JagatBisnis.com –  Bea Cukai berkomitmen untuk meningkatkan pertumbuhan industri dalam negeri melalui pemberian fasilitas di bidang kepabeanan dan cukai yang tepat sasaran. Salah satu fasilitas yang diberikan ialah kawasan berikat, yaitu tempat penimbunan berikat untuk menimbun barang impor dan/atau barang yang berasal dari tempat lain dalam daerah pabean guna diolah atau digabungkan yang hasilnya terutama untuk diekspor.

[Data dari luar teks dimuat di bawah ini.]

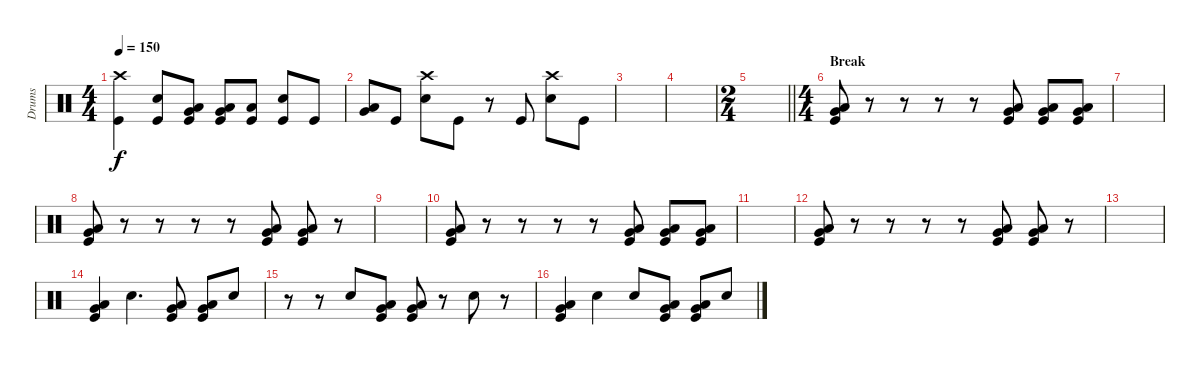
\track ("Drums" "Drums") {instrument percussion}
\staff {score}
\articulation defaults
\ts (4 4)
\tempo 150
\clef neutral
\ks c
("Crash high (hit)" "Kick (hit)").4{dy f} ("Snare (hit) 2" "Kick (hit)").8 ("Very Low Tom (hit)" "Low Tom (hit)" "Kick (hit)").8 ("Low Floor Tom (hit)" "Very Low Tom (hit)" "Kick (hit)").8 ("Low Floor Tom (hit)" "Kick (hit)").8 ("Snare (hit) 2" "Kick (hit)").8 "Kick (hit)".8 |
("Low Tom (hit)" "Very Low Tom (hit)").8 "Kick (hit)".8 ("Snare (hit) 2" "Crash high (hit)").8 "Kick (hit)".8 r.8 "Kick (hit)".8 ("Snare (hit) 2" "Crash high (hit)").8 "Kick (hit)".8 |
|
|
\ts (2 4)
\barLineRight lightlight
|
\ts (4 4)
\section ("" "Break")
("Low Tom (hit)" "Very Low Tom (hit)" "Kick (hit)").8 r.8 r.8 r.8 r.8 ("Low Tom (hit)" "Very Low Tom (hit)" "Kick (hit)").8 ("Low Tom (hit)" "Very Low Tom (hit)" "Kick (hit)").8 ("Low Tom (hit)" "Very Low Tom (hit)" "Kick (hit)").8 |
|
("Low Tom (hit)" "Very Low Tom (hit)" "Kick (hit)").8 r.8 r.8 r.8 r.8 ("Low Tom (hit)" "Very Low Tom (hit)" "Kick (hit)").8 ("Low Tom (hit)" "Very Low Tom (hit)" "Kick (hit)").8 r.8 |
|
("Low Tom (hit)" "Very Low Tom (hit)" "Kick (hit)").8 r.8 r.8 r.8 r.8 ("Low Tom (hit)" "Very Low Tom (hit)" "Kick (hit)").8 ("Low Tom (hit)" "Very Low Tom (hit)" "Kick (hit)").8 ("Low Tom (hit)" "Very Low Tom (hit)" "Kick (hit)").8 |
|
("Low Tom (hit)" "Very Low Tom (hit)" "Kick (hit)").8 r.8 r.8 r.8 r.8 ("Low Tom (hit)" "Very Low Tom (hit)" "Kick (hit)").8 ("Low Tom (hit)" "Very Low Tom (hit)" "Kick (hit)").8 r.8 |
|
("Kick (hit)" "Very Low Tom (hit)" "Low Tom (hit)").4 "Snare (hit) 2".4{d} ("Low Tom (hit)" "Kick (hit)" "Very Low Tom (hit)").8 ("Low Tom (hit)" "Kick (hit)" "Very Low Tom (hit)").8 "Snare (hit) 2".8 |
r.8 r.8 "Snare (hit) 2".8 ("Kick (hit)" "Low Tom (hit)" "Very Low Tom (hit)").8 ("Kick (hit)" "Low Tom (hit)" "Very Low Tom (hit)").8 r.8 "Snare (hit) 2".8 r.8 |
("Kick (hit)" "Very Low Tom (hit)" "Low Tom (hit)").4 "Snare (hit) 2".4 "Snare (hit) 2".8 ("Low Tom (hit)" "Kick (hit)" "Very Low Tom (hit)").8 ("Low Tom (hit)" "Kick (hit)" "Very Low Tom (hit)").8 "Snare (hit) 2".8
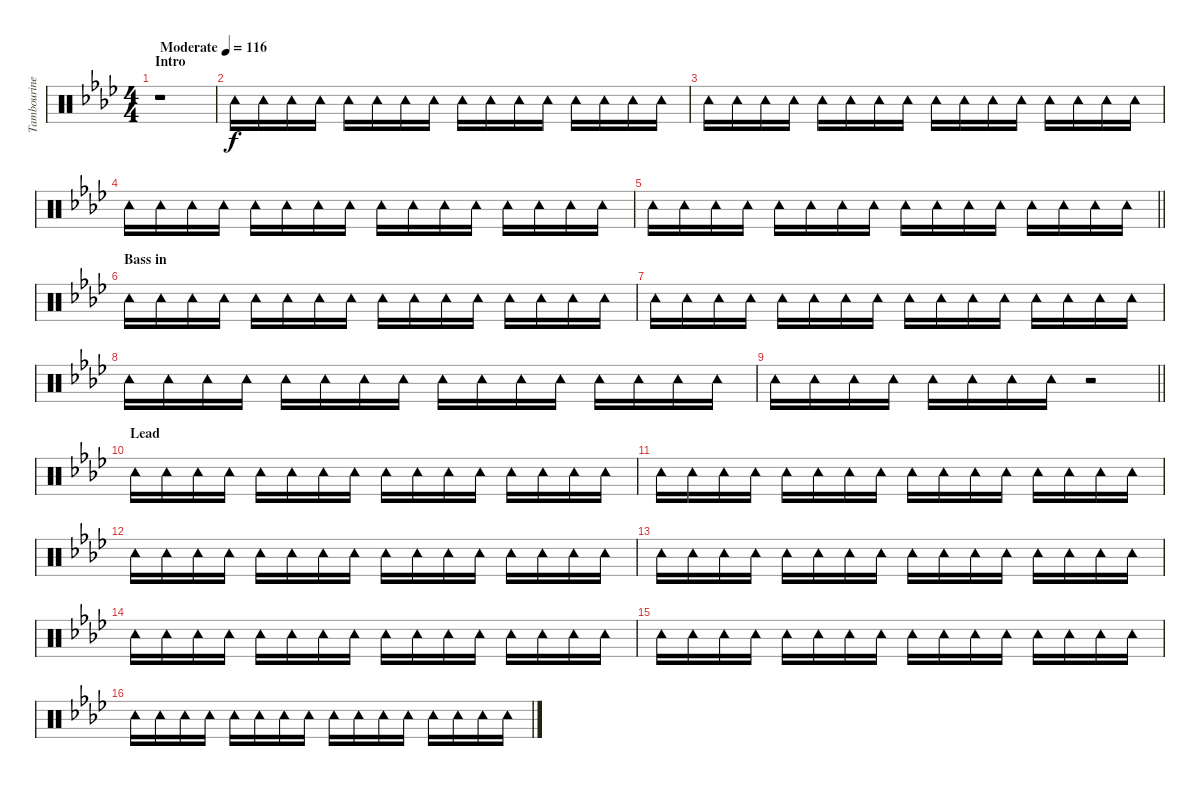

Fasilitas ini dinilai memungkinkan kinerja ekspor dapat meningkat karena industri yang ada di kawasan ini hanya berorientasi ekspor dengan segala keringanan fiskal agar berdaya saing.

Kantor-kantor pelayanan Bea Cukai di setiap daerah pun telah giat mengasistensi perusahaan-perusahaan kawasan berikat untuk dapat meningkatkan ekspornya, seperti Bea Cukai Yogyakarta yang melayani kegiatan ekspor PT Maesindo Indonesia, perusahaan penerima kawasan berikat di Yogyakarta.

Kepala Kantor Bea Cukai Yogyakarta, Hengky Aritonang, pada Kamis (24/06) mengatakan pihaknya telah melayani ekspor sebanyak 9,5 ton alat pelindung diri (APD) ke Belgia pada 8 Juni 2021. Komoditi tersebut diangkut menggunakan kontainer berukuran empat puluh feet. Nilai ekspornya mencapai FOB 44.983,85 USD atau sekitar 650 juta rupiah.

“Selain melayani dokumen ekspor, petugas kami juga mengawasi proses stuffing dan menyegel sarana pengangkut. Komoditi ekspor akan diangkut ke pelabuhan Tanjung Emas dahulu sebagai pelabuhan muat sebelum dikirim ke Belgia. APD buatan PT Maesindo yang terdiri dari coat, coverall, dan forage hat tersebut dikemas dalam 2.297 karton,” jelasnya.

Dikatakan Hengky, Bea Cukai menggiatkan ekspor dari kawasan berikat dengan tujuan meningkatkan pertumbuhan ekonomi dalam negeri, mengumpulkan devisa dan penerimaan negara, dan mengembangkan sektor industri dalam negeri yang secara langsung meningkatkan kesejahteraan masyarakat melalui penyerapan tenaga kerja. “Fasilitas ini dimanfaatkan dengan baik oleh PT Maesindo Indonesia yang merupakan perusahaan yang memproduksi pakaian pelindung medis dan pelindung kebersihan yang berbahan nonwoven. Perusahaan ini telah puluhan tahun menjadi eksportir APD dan menyerap tenaga kerja di Yogyakarta,” tambahnya.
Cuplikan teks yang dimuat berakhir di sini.